I didn’t see this one coming. After over ten years of daily blogging, I tend to have a pretty good sense of which articles have the potential to cause a reaction and which articles have the potential to fizzle. I might have guessed that an article on why my family doesn’t do sleepovers would have attracted a few more readers than usual, but I wouldn’t have believed that in its first week it would be read by nearly 750,000 people. But it was, and I found myself wondering why.
I’ve spent some time reading through comments and responses to try to understand why so many people were interested in reading about sleepovers. Here are a few personal takeaways from the discussion.
I was surprised to realize how many parents are concerned about sleepovers and how many do not allow them. I think one of the reasons the article spread is that it validated a lot of people who had assumed they were on their own. That “Me too!” factor was important as parents realized they are not the only ones who have made the decision not to allow their kids to participate in sleepovers. On a very practical note, the sleepover discussion is binary—either you do or do not allow them, and that allows everyone to take a side. Taking sides generates controversy and controversy generates shares and clicks. Takeaway: There are a surprising number of people who do not appreciate or allow sleepovers.
I would like to think that when someone writes, “Why my family doesn’t do sleepovers” or “Why my family loves sleepovers,” we do not take it as a personal affront. Articles like these can represent a helpful opportunity to sharpen our thinking, even if we do not change our position. We are never better or stronger than our convictions and face the life-long challenge of continually deepening those convictions. While I did receive a lot of very helpful feedback from people who agreed and who disagreed with me, there was also an awful lot of anger and bickering. Christians too often do poorly with controversy, even on relatively minor discussions like this one. We are quick to feel judged and slow to extend grace and understanding. If we aren’t careful, “Why my family doesn’t do sleepvers” quickly morphs into, “Why you’re a terrible parent and will ruin your children if you allow sleepovers.” Takeaway: We need to grow in our ability to deal well with controversy.
Perhaps the strongest theme I saw in all the comments and responses was this: Our decisions are inseparable from our experiences. I made it clear in my article that my childhood experience with sleepovers was part of the reason I dislike them. Meanwhile, I heard from many other people who essentially said, “I will never allow sleepovers because I was sexually abused during one” or “Sleepovers are great and I never faced any uncomfortable situations during one.” We are all products of our experiences and we necessarily parent out of those experiences. Parents who had difficult or tragic experiences with sleepovers tend to approach them differently from those whose experiences were only ever good. Takeaway: We do well to learn from one another, rather than assuming our own experience is universal.
Every parent makes certain decisions based on fear—the fear of what may happen if they make a poor decision. Sometimes we deny our children privileges out of a desire to protect them. We rate the uncertainty of a situation higher than the benefit of the situation. One of our foremost fears is making a poor decision that exposes our children to sexual abuse. For many people sleepovers introduce too much of the unknown and in that way plays right into the fear that we will put our children at risk. Takeaway: Sleepovers have a way of exposing our fears, and we respond in many different ways.

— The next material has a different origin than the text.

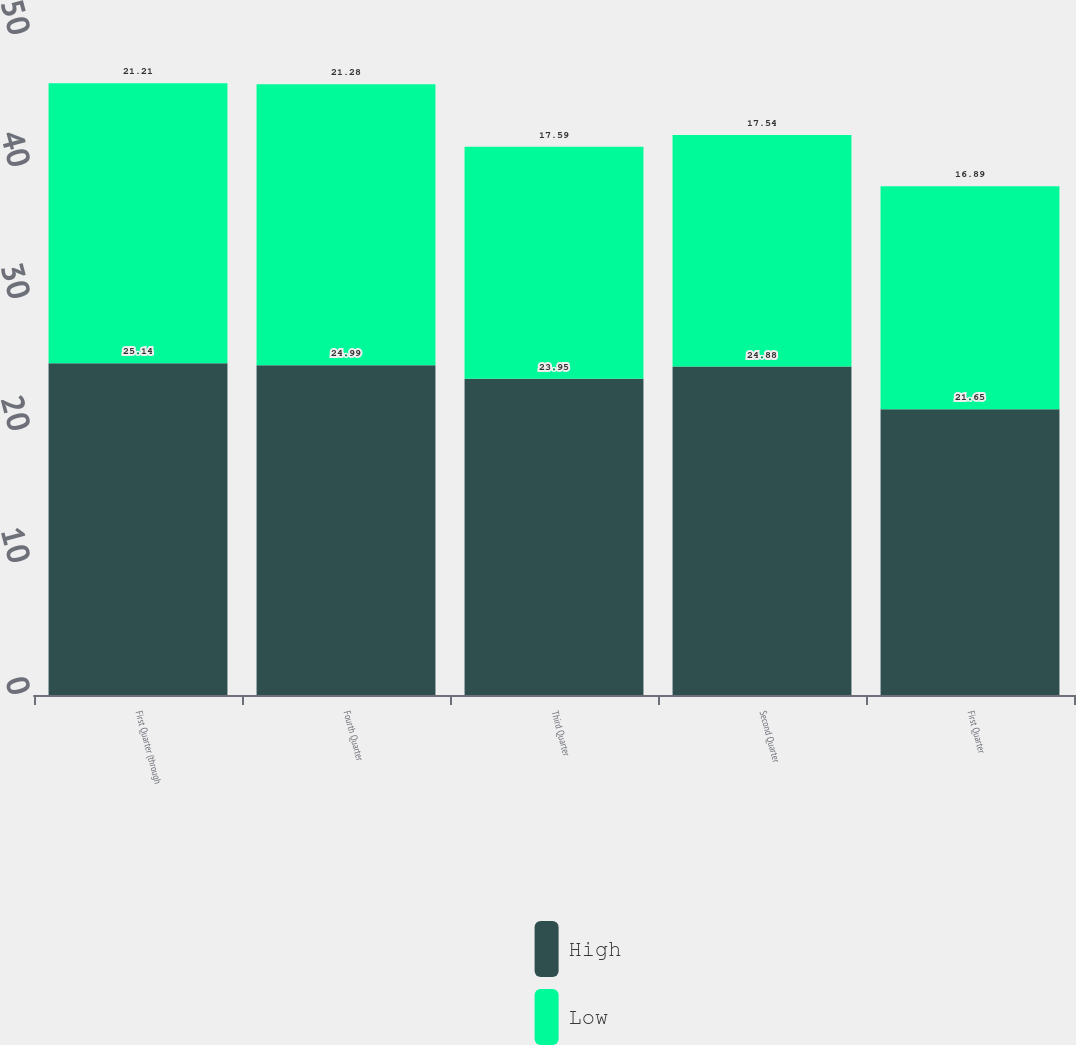Convert chart. <chart><loc_0><loc_0><loc_500><loc_500><stacked_bar_chart><ecel><fcel>First Quarter (through<fcel>Fourth Quarter<fcel>Third Quarter<fcel>Second Quarter<fcel>First Quarter<nl><fcel>High<fcel>25.14<fcel>24.99<fcel>23.95<fcel>24.88<fcel>21.65<nl><fcel>Low<fcel>21.21<fcel>21.28<fcel>17.59<fcel>17.54<fcel>16.89<nl></chart>

What I heard from many parents is that they do not appreciate the expectation that they ought to allow their children to sleep over. Aileen and I have experience with this, and have had parents outright mock us and call us overprotective for not allowing sleepovers (even though we barely know the parents or family!). I don’t think anyone can deny that both options—allowing and disallowing sleepovers—represent legitimate choices for parents. But those who do not allow sleepovers feel like they are facing unfair pressure to conform (while, undoubtedly, those who do allow sleepovers feel like others consider them reckless). As Christians we need to be careful to lovingly affirm those who make a choice different from our own and to refuse to pass judgment on them. Takeaway: Let’s not make sleepovers an expected part of a normal childhood.
Different families have always had different rules about movies and bedtimes and other issues that arise during sleepovers. But a new and important issue where parents lead their families in different ways is access to the Internet. Many parents expressed concern about their children being in a home where the rules were far more relaxed than they would want. I read comment after comment from people concerned about the prevalence of pornography today. And, indeed, many people told of how their children were first exposed to porn while sleeping over at a friend’s home. Takeaway: For many parents the possibility of exposure to pornography represents the “bridge too far” that keeps them from allowing their kids to sleep over.
At the end of it all, I am glad that I wrote the article and even more glad that I was able to benefit from some excellent comments and articles in response. Let’s keep the conversation going until we are firm in our convictions and charitable toward others.